#### [Extracted material]

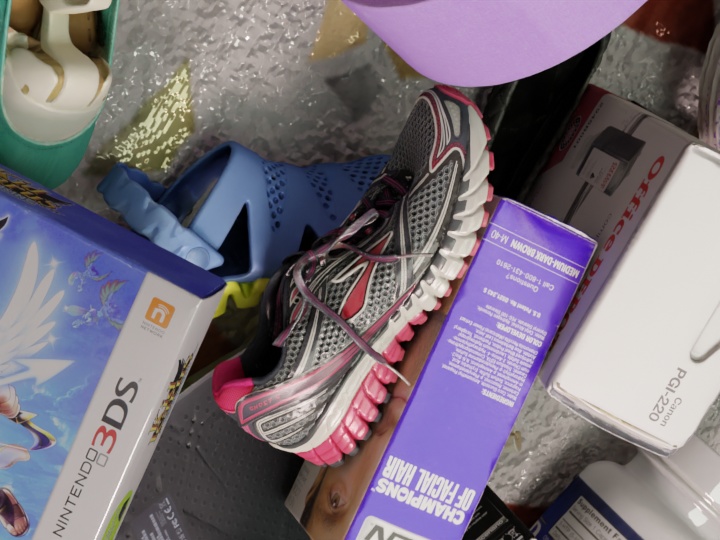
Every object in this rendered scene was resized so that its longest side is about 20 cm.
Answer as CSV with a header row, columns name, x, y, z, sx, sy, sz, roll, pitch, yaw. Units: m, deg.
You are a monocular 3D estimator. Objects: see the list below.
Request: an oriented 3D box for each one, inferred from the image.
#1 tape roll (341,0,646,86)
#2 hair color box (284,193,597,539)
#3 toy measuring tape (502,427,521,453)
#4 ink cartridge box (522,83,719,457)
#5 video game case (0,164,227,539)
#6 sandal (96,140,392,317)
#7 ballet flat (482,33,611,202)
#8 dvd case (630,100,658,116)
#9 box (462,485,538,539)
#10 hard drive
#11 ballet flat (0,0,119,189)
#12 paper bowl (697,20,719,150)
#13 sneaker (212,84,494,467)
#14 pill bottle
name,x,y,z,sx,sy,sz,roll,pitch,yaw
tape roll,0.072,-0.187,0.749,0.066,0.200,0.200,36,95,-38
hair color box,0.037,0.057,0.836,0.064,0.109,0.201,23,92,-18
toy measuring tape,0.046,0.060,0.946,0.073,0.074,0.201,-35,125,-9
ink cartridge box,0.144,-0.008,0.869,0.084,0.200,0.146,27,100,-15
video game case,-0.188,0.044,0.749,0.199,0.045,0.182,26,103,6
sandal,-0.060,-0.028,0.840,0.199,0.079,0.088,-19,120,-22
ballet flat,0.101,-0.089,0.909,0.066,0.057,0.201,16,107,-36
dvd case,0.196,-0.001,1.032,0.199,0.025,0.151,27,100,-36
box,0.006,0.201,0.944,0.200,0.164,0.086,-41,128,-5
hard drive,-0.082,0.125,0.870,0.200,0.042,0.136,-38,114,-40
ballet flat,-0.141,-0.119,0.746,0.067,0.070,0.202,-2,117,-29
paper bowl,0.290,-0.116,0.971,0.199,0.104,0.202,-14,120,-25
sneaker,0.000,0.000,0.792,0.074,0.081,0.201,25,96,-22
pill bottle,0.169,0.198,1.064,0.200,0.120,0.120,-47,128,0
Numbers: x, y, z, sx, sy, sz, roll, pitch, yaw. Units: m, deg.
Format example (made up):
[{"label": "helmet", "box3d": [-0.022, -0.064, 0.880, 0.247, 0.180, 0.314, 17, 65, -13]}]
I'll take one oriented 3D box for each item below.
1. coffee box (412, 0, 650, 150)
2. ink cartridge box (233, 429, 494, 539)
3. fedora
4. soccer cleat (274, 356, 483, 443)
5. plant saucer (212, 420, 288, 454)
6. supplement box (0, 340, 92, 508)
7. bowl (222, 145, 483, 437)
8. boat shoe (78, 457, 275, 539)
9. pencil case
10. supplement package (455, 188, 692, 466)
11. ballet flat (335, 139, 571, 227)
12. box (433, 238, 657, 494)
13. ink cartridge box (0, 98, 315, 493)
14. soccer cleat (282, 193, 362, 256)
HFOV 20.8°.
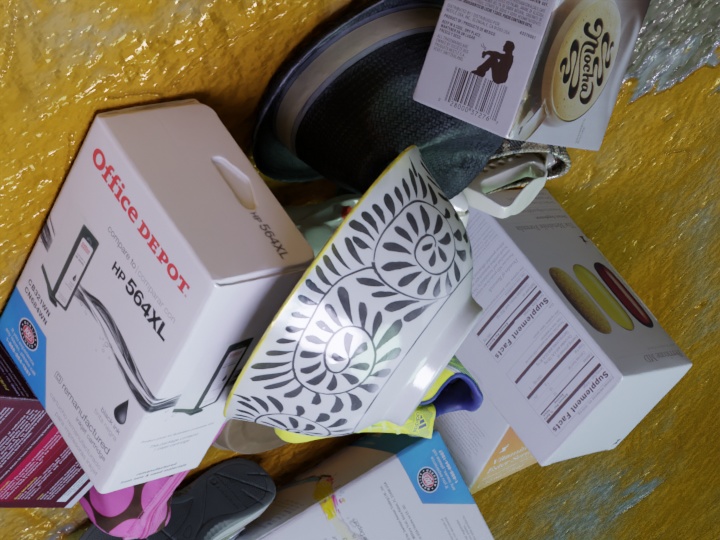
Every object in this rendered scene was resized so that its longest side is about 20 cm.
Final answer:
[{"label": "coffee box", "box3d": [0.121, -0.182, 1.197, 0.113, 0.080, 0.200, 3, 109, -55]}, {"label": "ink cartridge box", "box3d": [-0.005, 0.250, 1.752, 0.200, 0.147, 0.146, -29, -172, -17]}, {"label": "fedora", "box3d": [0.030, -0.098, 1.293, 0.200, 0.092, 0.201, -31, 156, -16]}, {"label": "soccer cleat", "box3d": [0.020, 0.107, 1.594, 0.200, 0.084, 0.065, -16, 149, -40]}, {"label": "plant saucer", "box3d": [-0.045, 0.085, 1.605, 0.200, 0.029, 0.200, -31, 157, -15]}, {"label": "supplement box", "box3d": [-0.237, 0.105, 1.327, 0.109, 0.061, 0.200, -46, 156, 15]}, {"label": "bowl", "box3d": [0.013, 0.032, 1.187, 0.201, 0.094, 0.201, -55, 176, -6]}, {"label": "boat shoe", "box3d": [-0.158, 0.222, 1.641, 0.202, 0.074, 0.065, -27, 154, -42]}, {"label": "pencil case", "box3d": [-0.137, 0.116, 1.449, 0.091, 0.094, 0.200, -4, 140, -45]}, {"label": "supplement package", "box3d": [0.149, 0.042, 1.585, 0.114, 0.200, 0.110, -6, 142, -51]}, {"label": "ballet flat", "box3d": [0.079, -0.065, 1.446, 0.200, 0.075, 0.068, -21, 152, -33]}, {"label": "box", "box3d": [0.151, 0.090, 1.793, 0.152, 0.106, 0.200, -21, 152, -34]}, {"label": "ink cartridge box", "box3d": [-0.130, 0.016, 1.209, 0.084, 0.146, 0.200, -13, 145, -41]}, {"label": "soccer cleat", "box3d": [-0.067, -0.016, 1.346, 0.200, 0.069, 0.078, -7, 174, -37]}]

#### [Exercise details]
Return the listing verbatim; pictures are not part of the copy.

#### [Response to the task]
Every object in this rendered scene was resized so that its longest side is about 20 cm.
Answer as CSV with a header row, columns name, x, y, z, sx, sy, sz, roll, pitch, yaw. Units: m, deg.
You are a monocular 3D estimator. Objects: see the list below.
Request: an oriented 3D box for each one, inferred from the image.
#1 tape roll (341,0,646,86)
#2 hair color box (284,193,597,539)
#3 toy measuring tape (502,427,521,453)
#4 ink cartridge box (522,83,719,457)
#5 video game case (0,164,227,539)
#6 sandal (96,140,392,317)
#7 ballet flat (482,33,611,202)
#8 dvd case (630,100,658,116)
#9 box (462,485,538,539)
#10 hard drive
#11 ballet flat (0,0,119,189)
#12 paper bowl (697,20,719,150)
#13 sneaker (212,84,494,467)
#14 pill bottle
name,x,y,z,sx,sy,sz,roll,pitch,yaw
tape roll,0.072,-0.187,0.749,0.066,0.200,0.200,36,95,-38
hair color box,0.037,0.057,0.836,0.064,0.109,0.201,23,92,-18
toy measuring tape,0.046,0.060,0.946,0.073,0.074,0.201,-35,125,-9
ink cartridge box,0.144,-0.008,0.869,0.084,0.200,0.146,27,100,-15
video game case,-0.188,0.044,0.749,0.199,0.045,0.182,26,103,6
sandal,-0.060,-0.028,0.840,0.199,0.079,0.088,-19,120,-22
ballet flat,0.101,-0.089,0.909,0.066,0.057,0.201,16,107,-36
dvd case,0.196,-0.001,1.032,0.199,0.025,0.151,27,100,-36
box,0.006,0.201,0.944,0.200,0.164,0.086,-41,128,-5
hard drive,-0.082,0.125,0.870,0.200,0.042,0.136,-38,114,-40
ballet flat,-0.141,-0.119,0.746,0.067,0.070,0.202,-2,117,-29
paper bowl,0.290,-0.116,0.971,0.199,0.104,0.202,-14,120,-25
sneaker,0.000,0.000,0.792,0.074,0.081,0.201,25,96,-22
pill bottle,0.169,0.198,1.064,0.200,0.120,0.120,-47,128,0
Numbers: x, y, z, sx, sy, sz, roll, pitch, yaw. Units: m, deg.
Format example (made up):
[{"label": "helmet", "box3d": [-0.022, -0.064, 0.880, 0.247, 0.180, 0.314, 17, 65, -13]}]
I'll take one oriented 3D box for each item below.
1. coffee box (412, 0, 650, 150)
2. ink cartridge box (233, 429, 494, 539)
3. fedora
4. soccer cleat (274, 356, 483, 443)
5. plant saucer (212, 420, 288, 454)
6. supplement box (0, 340, 92, 508)
7. bowl (222, 145, 483, 437)
8. boat shoe (78, 457, 275, 539)
9. pencil case
10. supplement package (455, 188, 692, 466)
11. ballet flat (335, 139, 571, 227)
12. box (433, 238, 657, 494)
13. ink cartridge box (0, 98, 315, 493)
14. soccer cleat (282, 193, 362, 256)
HFOV 20.8°.
Every object in this rendered scene was resized so that its longest side is about 20 cm.
Final answer:
[{"label": "coffee box", "box3d": [0.121, -0.182, 1.197, 0.113, 0.080, 0.200, 3, 109, -55]}, {"label": "ink cartridge box", "box3d": [-0.005, 0.250, 1.752, 0.200, 0.147, 0.146, -29, -172, -17]}, {"label": "fedora", "box3d": [0.030, -0.098, 1.293, 0.200, 0.092, 0.201, -31, 156, -16]}, {"label": "soccer cleat", "box3d": [0.020, 0.107, 1.594, 0.200, 0.084, 0.065, -16, 149, -40]}, {"label": "plant saucer", "box3d": [-0.045, 0.085, 1.605, 0.200, 0.029, 0.200, -31, 157, -15]}, {"label": "supplement box", "box3d": [-0.237, 0.105, 1.327, 0.109, 0.061, 0.200, -46, 156, 15]}, {"label": "bowl", "box3d": [0.013, 0.032, 1.187, 0.201, 0.094, 0.201, -55, 176, -6]}, {"label": "boat shoe", "box3d": [-0.158, 0.222, 1.641, 0.202, 0.074, 0.065, -27, 154, -42]}, {"label": "pencil case", "box3d": [-0.137, 0.116, 1.449, 0.091, 0.094, 0.200, -4, 140, -45]}, {"label": "supplement package", "box3d": [0.149, 0.042, 1.585, 0.114, 0.200, 0.110, -6, 142, -51]}, {"label": "ballet flat", "box3d": [0.079, -0.065, 1.446, 0.200, 0.075, 0.068, -21, 152, -33]}, {"label": "box", "box3d": [0.151, 0.090, 1.793, 0.152, 0.106, 0.200, -21, 152, -34]}, {"label": "ink cartridge box", "box3d": [-0.130, 0.016, 1.209, 0.084, 0.146, 0.200, -13, 145, -41]}, {"label": "soccer cleat", "box3d": [-0.067, -0.016, 1.346, 0.200, 0.069, 0.078, -7, 174, -37]}]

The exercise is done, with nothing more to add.